Checkpoint 4: Minimal Orderbook Snapshot Collector
Goal: collect raw order-book snapshots for active BTC markets at a fixed interval.
Artifacts:
scripts/collect_polymarket_orderbooks.pyconfig/polymarket_collector.example.yamldata/live_sample/...data/manifests/orderbook_collector_sample_manifest.jsondocs/POLYMARKET_COLLECTOR.md
Requirements:
- Collect active BTC markets only.
- Fetch order books for both outcome tokens.
- Store raw API responses as gzip JSONL.
- Add local
collected_at_utc, collector version, endpoint URL, and request params. - Rotate files by hour or run.
- Include a manifest with timing, markets, request counts, status codes, rows, output files, and checksums.
- Handle graceful shutdown and rate limits.
- Do not add a database.
Pass condition: a 5-10 minute sample run creates valid compressed raw snapshots and a manifest.
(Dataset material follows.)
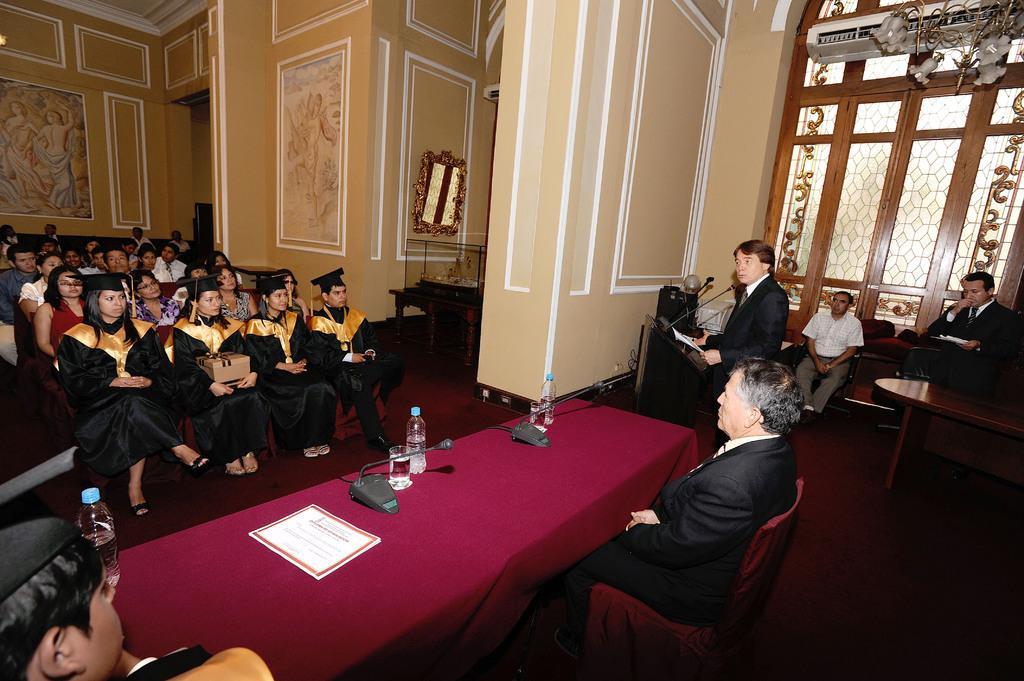In one or two sentences, can you explain what this image depicts? A man is standing and speaking at a podium. There are some people beside him. Two people are sitting at table beside him. There are some mic,water bottles and glasses on the table. There are some people sitting and listening to him. The hall is beautiful with paintings on the wall. There is a chandelier on top.

Checkpoint 5: Normalized Snapshot Extract
Goal: create a derived normalized dataset from raw snapshots while preserving raw files as source of truth.
Artifacts:
scripts/normalize_polymarket_orderbooks.pydata/normalized_sample/...data/manifests/orderbook_normalization_sample_manifest.jsondocs/ORDERBOOK_SCHEMA.md
Pass condition: a sample raw file can be normalized and basic sanity checks pass.
Checkpoint 6: VPS Runtime Package
Goal: make the collector deployable on a small VPS.
Artifacts:
systemd/polymarket-orderbook-collector.serviceconfig/polymarket_collector.vps.example.yamlscripts/run_polymarket_collector_cycle.shdocs/VPS_DEPLOYMENT.md
Uploader service and timer units are deferred to Checkpoint 7 with Google Drive offload. Creating empty uploader units in Checkpoint 6 would be fake progress.
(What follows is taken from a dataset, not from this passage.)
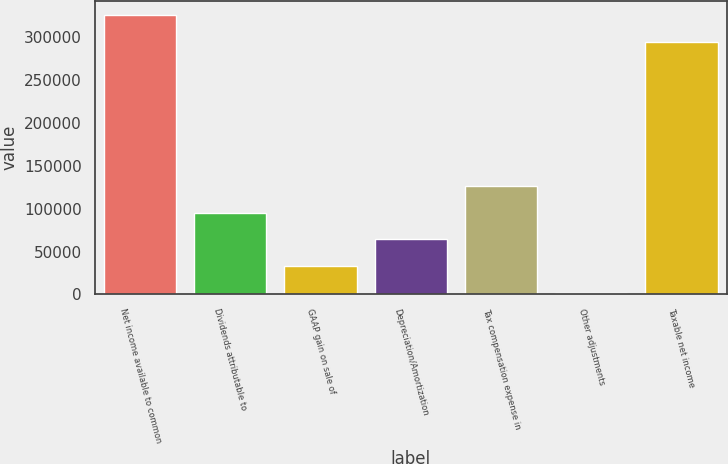Convert chart. <chart><loc_0><loc_0><loc_500><loc_500><bar_chart><fcel>Net income available to common<fcel>Dividends attributable to<fcel>GAAP gain on sale of<fcel>Depreciation/Amortization<fcel>Tax compensation expense in<fcel>Other adjustments<fcel>Taxable net income<nl><fcel>326211<fcel>95518.1<fcel>33186.7<fcel>64352.4<fcel>126684<fcel>2021<fcel>295045<nl></chart>

Pass condition: a user can follow docs on a VPS and run the collector.
Checkpoint 7: Google Drive Offload
Goal: add periodic upload to Google Drive using rclone.
Artifacts:
scripts/upload_archive_rclone.shconfig/rclone.example.mddocs/GOOGLE_DRIVE_OFFLOAD.md- sample upload manifest format
Pass condition: a dry-run and a real small test upload succeed and are documented.
Checkpoint 8: 24h Soak Test Plan
Goal: run the collector for a real 24h period and validate reliability.
Artifacts:
reports/soak_test_YYYY-MM-DD.mddata/manifests/...
Metrics:
- uptime
- markets tracked
- total snapshots
- missed interval estimate
- API errors
- rate limits
- file sizes
- compression ratio
- Google Drive upload status
- restart behavior
- disk usage
- data quality checks
Pass condition: a 24h run completes with acceptable data quality and documented issues.
Checkpoint 9: Add Second Market Only After Polymarket Is Stable
Goal: prepare for NEAR or another market only after Polymarket collector reliability is proven.
Do not start this checkpoint until:
- Polymarket discovery works.
- Polymarket order-book collection works.
- Google Drive offload works.
- The 24h soak test is complete.
Architecture principles:
- Use
collectors/<market_name>/only when adding the second market. - Keep shared code minimal.
- Avoid abstract base classes until duplication is painful.
- Keep raw-first, normalized-second, manifest-always file format consistent across markets.
Anti-Fake-Progress Gates
- No dashboard before 24h data reliability.
- No database before the file archive becomes painful.
- No strategy or backtest code in this project.
- No live trading.
- No generic multi-market abstraction before the second market exists.
- No claiming "production-ready" before a 24h soak test.
- No deleting bad artifacts; label them deprecated or invalid and write why.
Next Smallest Step
Checkpoint 2 is next. It should inspect official Polymarket docs and perform bounded public endpoint probes to determine the exact live collection sources, schemas, timestamps, and rate-limit behavior.